Data items:
§ §

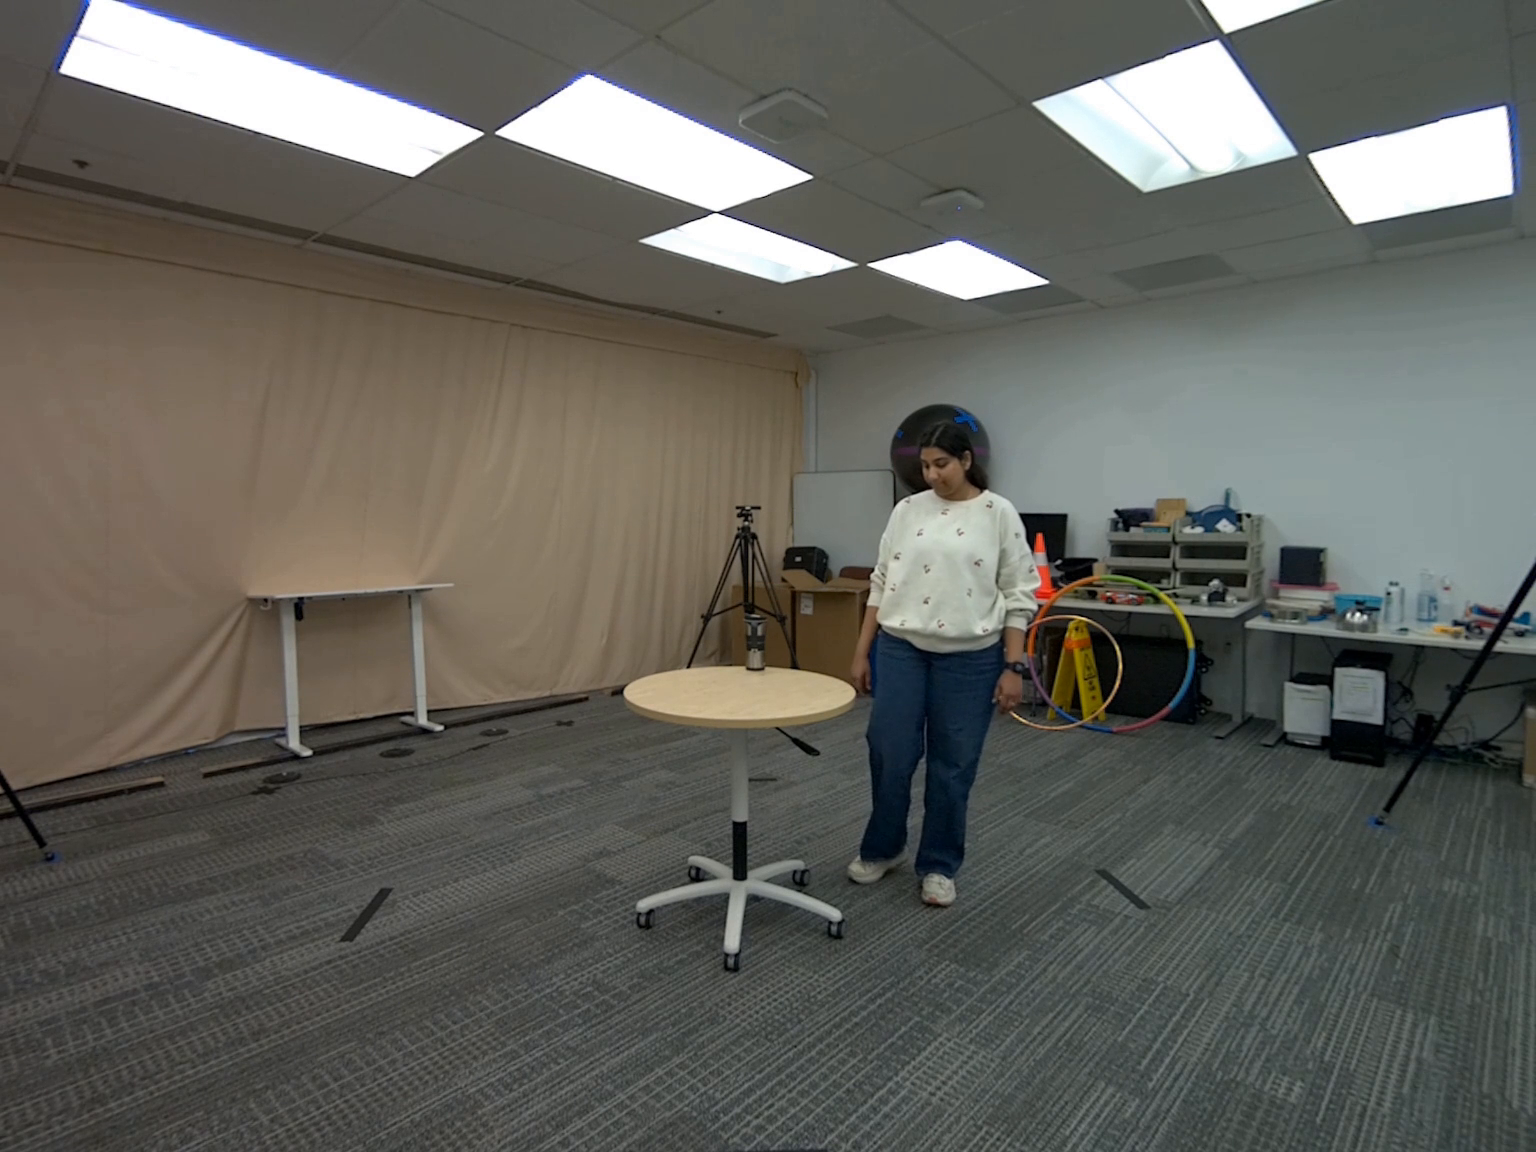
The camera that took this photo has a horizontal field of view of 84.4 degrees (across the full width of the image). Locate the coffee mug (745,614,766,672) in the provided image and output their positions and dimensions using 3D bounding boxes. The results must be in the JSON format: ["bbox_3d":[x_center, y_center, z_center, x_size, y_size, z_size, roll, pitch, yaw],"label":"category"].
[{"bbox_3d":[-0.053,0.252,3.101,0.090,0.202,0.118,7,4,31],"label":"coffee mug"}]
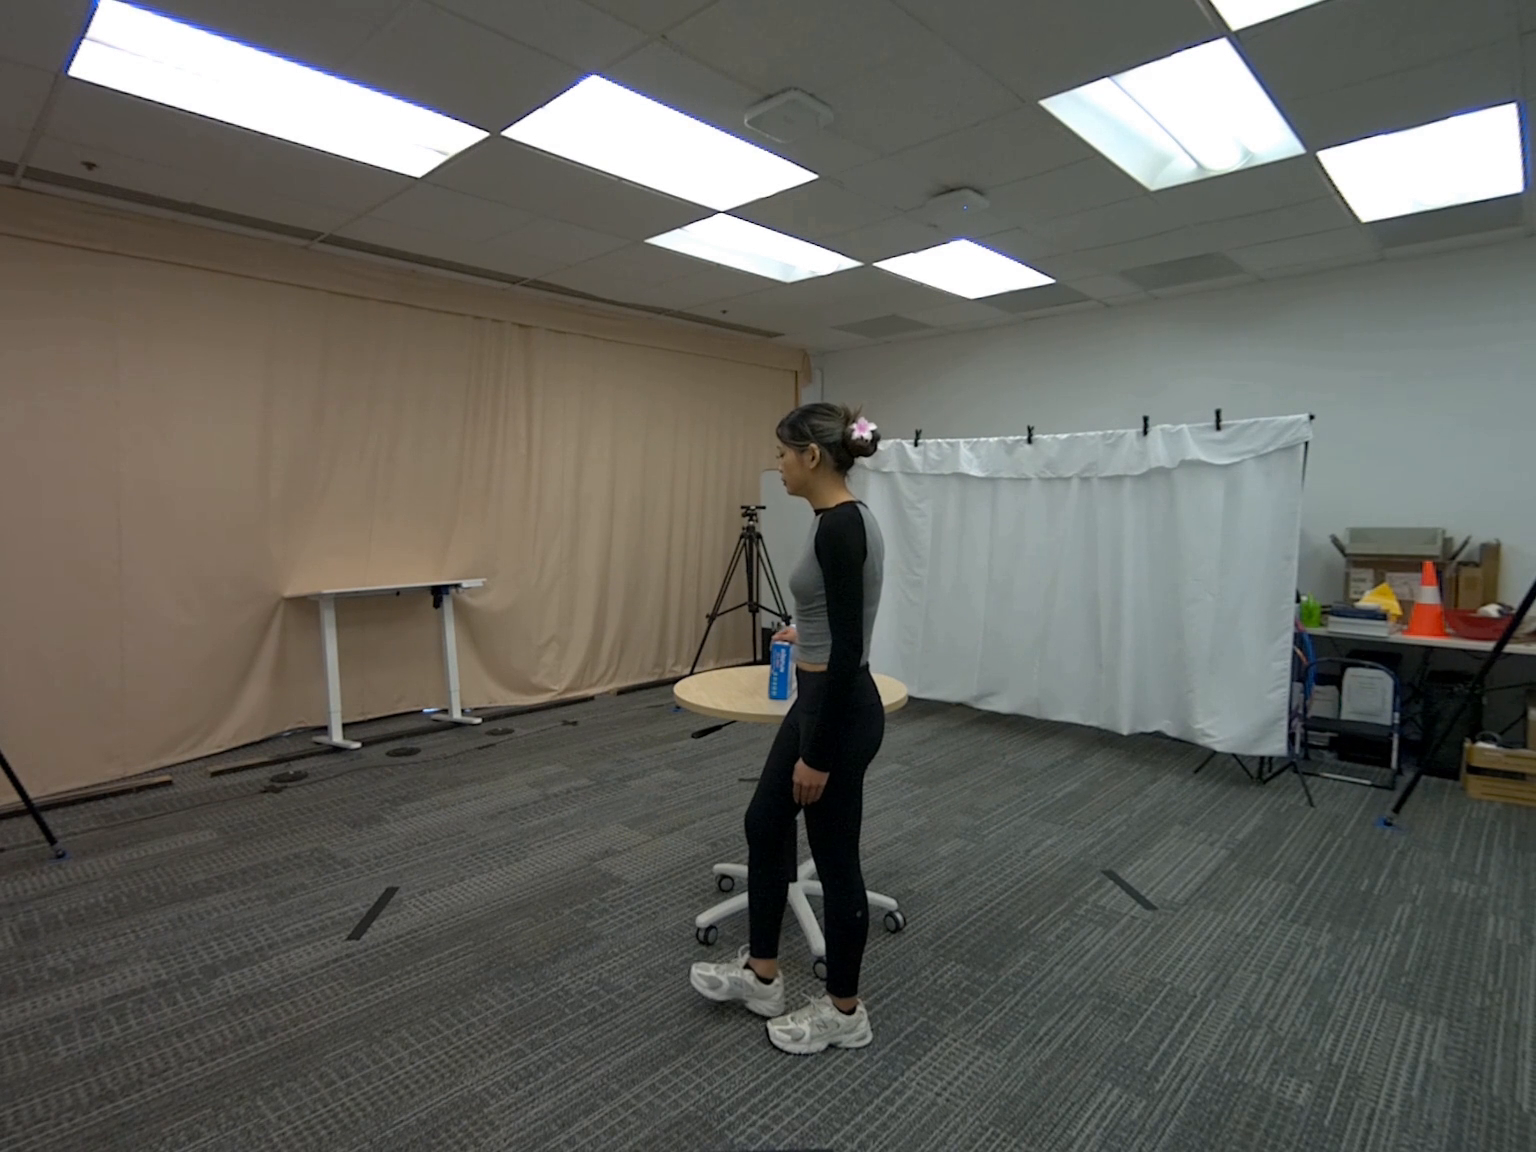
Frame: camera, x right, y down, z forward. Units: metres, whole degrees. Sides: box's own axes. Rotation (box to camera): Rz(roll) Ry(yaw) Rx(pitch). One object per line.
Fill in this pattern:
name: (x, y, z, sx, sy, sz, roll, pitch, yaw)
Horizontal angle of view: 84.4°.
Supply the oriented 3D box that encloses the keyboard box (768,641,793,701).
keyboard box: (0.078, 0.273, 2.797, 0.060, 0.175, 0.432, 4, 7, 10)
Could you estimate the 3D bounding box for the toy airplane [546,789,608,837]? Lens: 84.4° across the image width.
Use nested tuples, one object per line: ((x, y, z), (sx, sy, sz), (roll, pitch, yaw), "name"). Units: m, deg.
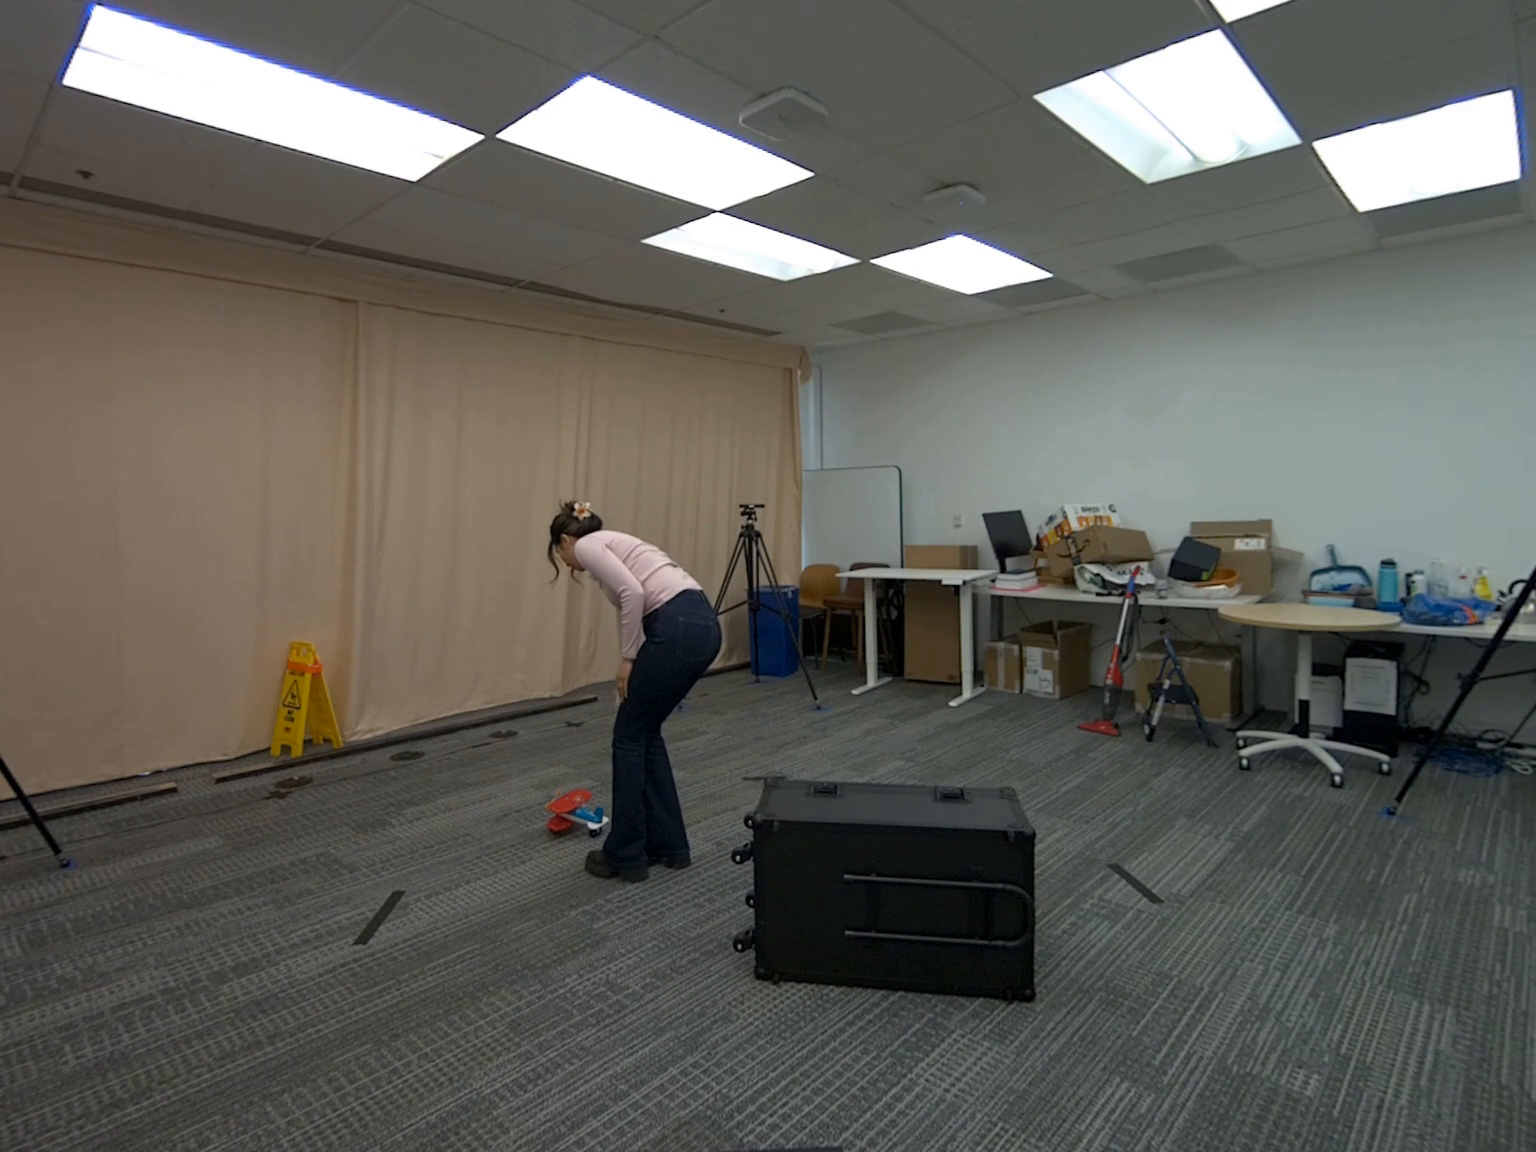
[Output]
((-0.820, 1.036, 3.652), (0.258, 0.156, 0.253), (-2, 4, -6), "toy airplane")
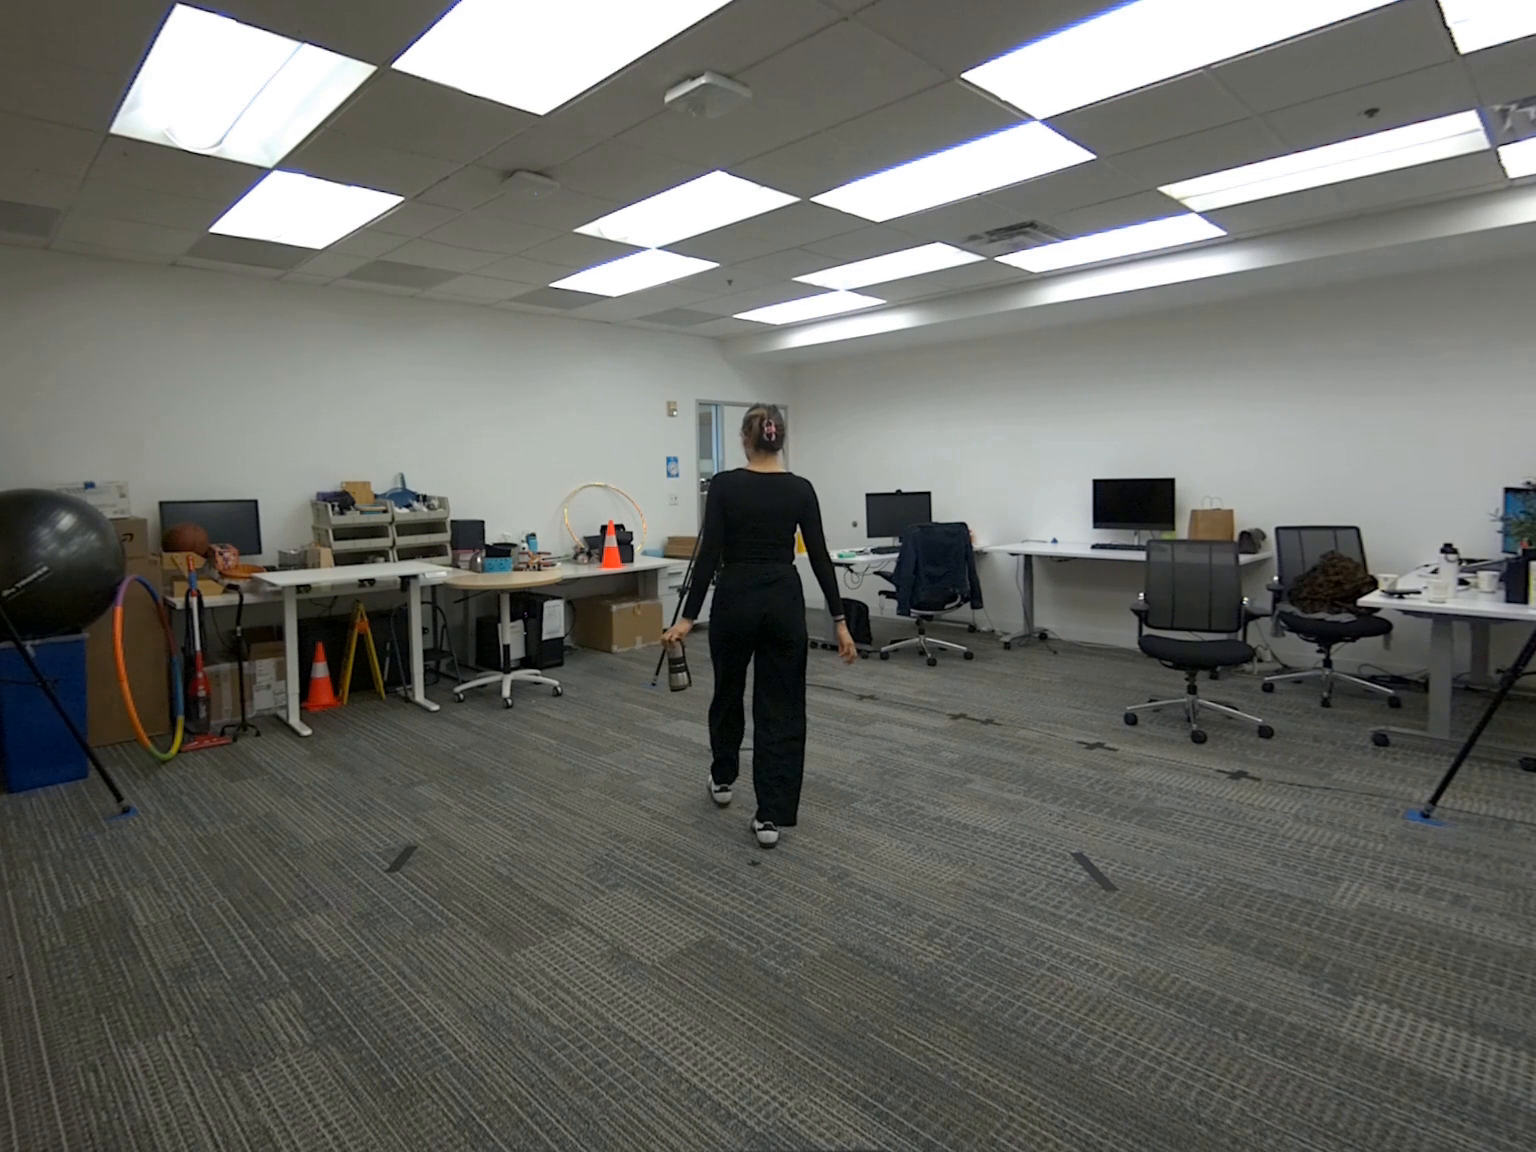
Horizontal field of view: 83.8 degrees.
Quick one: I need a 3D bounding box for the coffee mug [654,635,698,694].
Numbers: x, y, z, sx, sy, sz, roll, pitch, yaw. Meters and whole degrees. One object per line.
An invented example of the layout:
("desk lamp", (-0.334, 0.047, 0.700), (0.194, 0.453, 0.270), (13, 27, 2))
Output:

§ §

TASK DIRECTIONS: The line with "Numbers: x, y, z, sx, sy, sz, roll, pitch, yaw." through the last line of the entries above: output exactly those lines and nothing else.

YOUR SOLUTION:
Numbers: x, y, z, sx, sy, sz, roll, pitch, yaw. Meters and whole degrees. One object per line.
An invented example of the layout:
("desk lamp", (-0.334, 0.047, 0.700), (0.194, 0.453, 0.270), (13, 27, 2))
Output:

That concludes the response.